A home renovation is one of the largest financial investments a Toronto homeowner will ever make — and one of the areas where insurance coverage is most frequently misunderstood, overlooked, or entirely ignored. The consequences of hiring an uninsured or underinsured contractor can be catastrophic: a worker injury on your property without WSIB coverage can result in personal liability lawsuits, property damage without adequate liability insurance can leave you paying for repairs out of pocket, and an uninsured contractor who abandons a project mid-way can leave you with no recourse whatsoever. This comprehensive guide to renovation insurance ontario explains exactly what coverage your contractor must carry, what additional coverage you should arrange as a homeowner, and how to verify everything before a single hammer swings.
Why Renovation Insurance Ontario Homeowners Cannot Afford to Ignore
Ontario does not require contractors to hold a provincial licence to perform residential renovation work. This means that literally anyone can call themselves a contractor, print business cards, and start taking renovation jobs — regardless of their experience, financial stability, or insurance status. This regulatory gap places the burden of due diligence squarely on the homeowner. Understanding what insurance a legitimate contractor should carry, and verifying that coverage is active before work begins, is the single most important step you can take to protect your home, your family, and your financial well-being.

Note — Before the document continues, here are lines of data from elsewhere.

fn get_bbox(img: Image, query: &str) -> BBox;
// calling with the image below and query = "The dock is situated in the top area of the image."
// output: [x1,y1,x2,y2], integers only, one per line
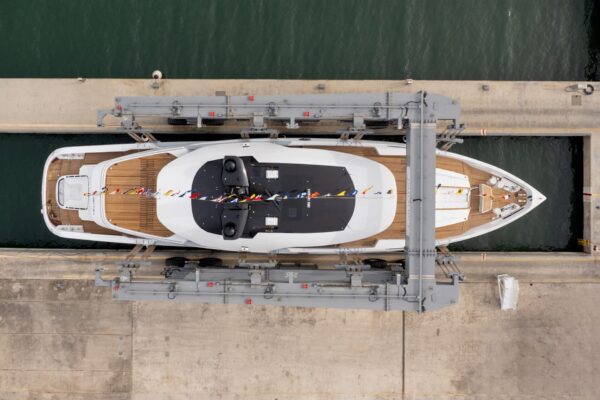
[0,78,600,135]
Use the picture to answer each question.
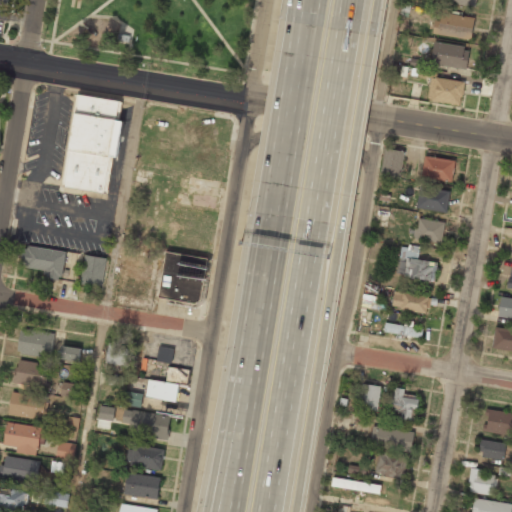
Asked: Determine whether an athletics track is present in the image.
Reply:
No
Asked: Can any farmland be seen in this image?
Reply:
No
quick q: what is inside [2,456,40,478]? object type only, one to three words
house
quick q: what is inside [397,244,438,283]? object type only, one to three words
house
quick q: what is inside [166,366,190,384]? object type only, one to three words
building
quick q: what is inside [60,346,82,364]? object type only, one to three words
building
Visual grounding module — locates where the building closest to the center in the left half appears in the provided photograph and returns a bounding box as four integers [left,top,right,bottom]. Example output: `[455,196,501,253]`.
[159,250,209,302]
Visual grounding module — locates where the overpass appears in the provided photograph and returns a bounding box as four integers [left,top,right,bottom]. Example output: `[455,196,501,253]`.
[258,83,375,148]
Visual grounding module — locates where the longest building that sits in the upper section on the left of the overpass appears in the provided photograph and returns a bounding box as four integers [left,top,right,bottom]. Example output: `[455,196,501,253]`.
[62,95,123,200]
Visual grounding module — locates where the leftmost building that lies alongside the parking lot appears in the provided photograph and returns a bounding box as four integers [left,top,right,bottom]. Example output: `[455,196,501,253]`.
[24,246,66,282]

The financial exposure from an uninsured renovation is staggering. A worker who falls from a ladder and suffers a spinal injury could generate medical and rehabilitation costs exceeding $500,000. Without WSIB (Workplace Safety and Insurance Board) coverage, the injured worker’s legal team may pursue the homeowner’s personal assets and homeowner’s insurance policy to recover those costs. Property damage claims — a plumbing error that floods two floors, an electrical fault that causes a fire, or structural work that compromises the building’s integrity — can easily reach six figures. Proper insurance coverage eliminates these risks entirely and costs the homeowner nothing; it is the contractor’s responsibility to maintain and pay for all required coverage.

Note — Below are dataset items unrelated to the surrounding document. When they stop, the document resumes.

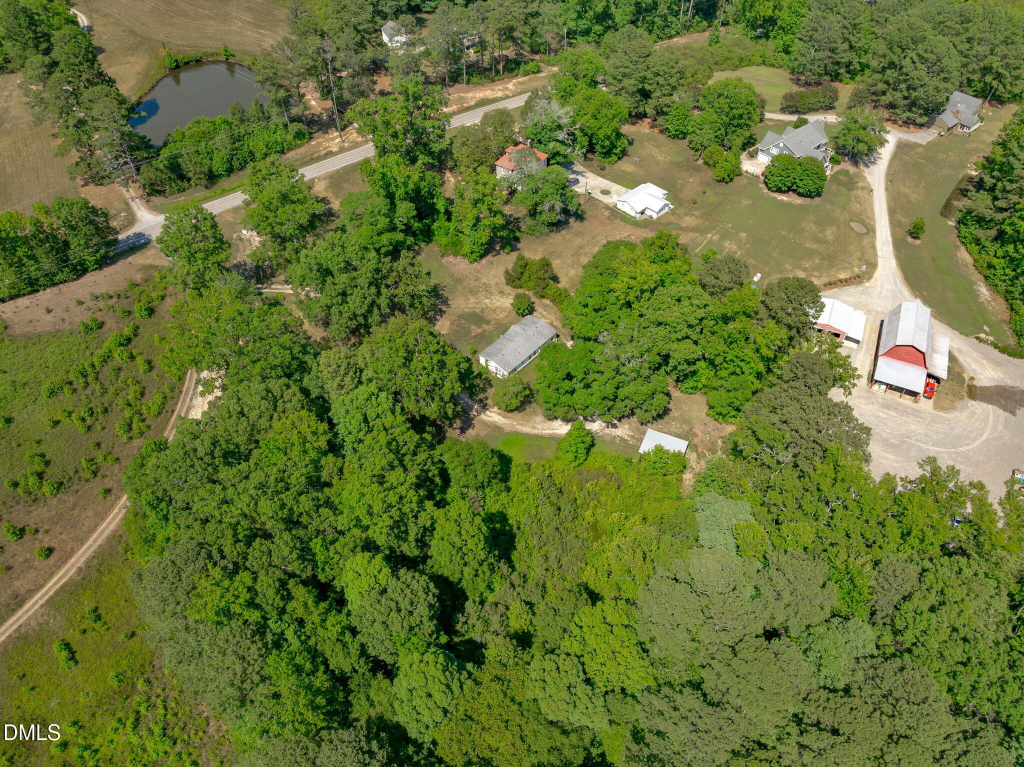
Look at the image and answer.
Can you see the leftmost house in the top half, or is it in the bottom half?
top
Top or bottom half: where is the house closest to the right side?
top
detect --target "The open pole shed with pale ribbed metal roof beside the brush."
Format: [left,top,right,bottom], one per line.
[637,429,689,461]
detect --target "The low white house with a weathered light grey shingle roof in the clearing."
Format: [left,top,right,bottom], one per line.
[478,316,558,381]
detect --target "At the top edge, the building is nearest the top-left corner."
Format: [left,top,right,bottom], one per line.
[382,17,413,47]
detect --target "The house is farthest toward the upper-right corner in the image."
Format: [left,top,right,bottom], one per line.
[929,91,986,136]
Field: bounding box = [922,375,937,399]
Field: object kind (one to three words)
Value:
vehicle
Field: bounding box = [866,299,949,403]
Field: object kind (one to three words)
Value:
barn
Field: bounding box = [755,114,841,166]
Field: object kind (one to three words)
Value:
house

What Insurance Your Renovation Contractor Must Carry
1. Commercial General Liability (CGL) Insurance
Commercial General Liability insurance is the most fundamental coverage a renovation contractor must have. CGL protects against third-party claims for bodily injury and property damage arising from the contractor’s work. If a contractor’s employee accidentally damages your neighbour’s property, if a subcontractor causes a fire, or if a visitor to the job site is injured, CGL insurance covers the resulting claims.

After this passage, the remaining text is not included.